Model Configuration Standardization Across Packages
For comparability across packages and models, we standardize model configuration and hyperparameters for each model. For neural network architectures, we standardized the number and type of layers and the number of nodes of each layer across packages compatible with each model. For several models, such as XGBoost and DTRs, it was not possible to completely standardize models across packages because each software and associated package utilized different hyperparameters. In these cases, we used default hyperparameters unique to each package and ensured that common hyperparameter values across packages were the same. Each model can have dozens of hyper-parameters, we only include those hyper-parameters which were common across packages (
Table 2).
The model configuration standardization used the hyperparameters displayed in
Table 2 and included the following four aspects:
Model Configuration: Each model was configured using the default hyperparameter settings provided in their documentation to ensure that they were consistent across all packages. In cases where there were no default hyperparameter settings listed, we set hyperparameters to be equal to the most frequently occurring hyperparameter for that setting. This approach ensured consistency across implementations while maintaining the integrity of each model’s intended configuration. For neural network models, the number and type of layers, the number of nodes per layer, activation functions, and optimization methods were standardized. For tree-based models and regressions, parameters like tree depth, learning rates, and regularization terms were kept consistent.
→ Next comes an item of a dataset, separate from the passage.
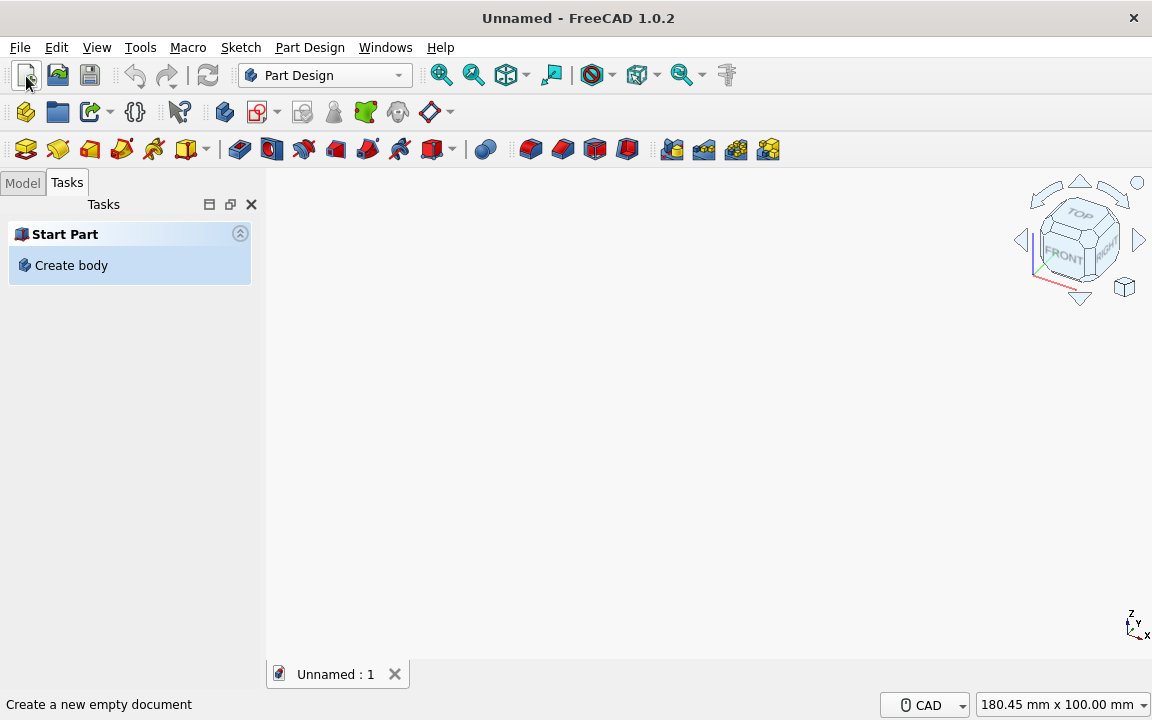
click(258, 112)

Data Preparation: Data input into each model were prepared using a standard preprocessing pipeline. This involved scaling features, handling missing data, and transforming temporal data into sequences for time series models like LSTM models.
Training and Test Splits: The data were split into training and testing sets, using both 80/20 and 70/30 splits to ensure consistency across all experiments.
Computation Environment: All models were trained on a consistent hardware setup to eliminate variations in computing resources.
3.4. Results and Visual–Analytical Methods
3.4.1. Comparative Performance Across Models and Packages
We evaluated each model and package based on two key criteria: time to train and accuracy (RMSE and R2). Averaging the performance metrics (R2 and RMSE) from 10 runs of each model provided insight into which packages delivered higher accuracy and reliability. This allowed us to consider both the ability of a particular configuration to accurately calibrate LCS and their suitability for various applications. We identified which models offered the best trade-off between training time and predictive accuracy.
We also considered the influence of the package (e.g., RStudio) and model (e.g., LSTM) on results. These factors were highly intertwined, and the performance of a particular setup depended on both the package and ML model. As such, we took a two-pronged approach to analyze the results. First, we assessed the average performance of a model across all packages or a package across all models. Then, we assessed the effect that package choice had by comparing each model’s relative performance across all packages. By considering each model individually and comparing the difference in results when training in one package or another, we could better analyze the influence of package and model choice.
3.4.2. Visual–Analytical Methods
To succinctly convey our findings, we employed several visual–analytical methods using the “ggplot2” package in RStudio:
Line and bar graphs were used to plot the performance metrics for the 70/30 and 80/20 splits across all models and packages, illustrating the differences and their consistency.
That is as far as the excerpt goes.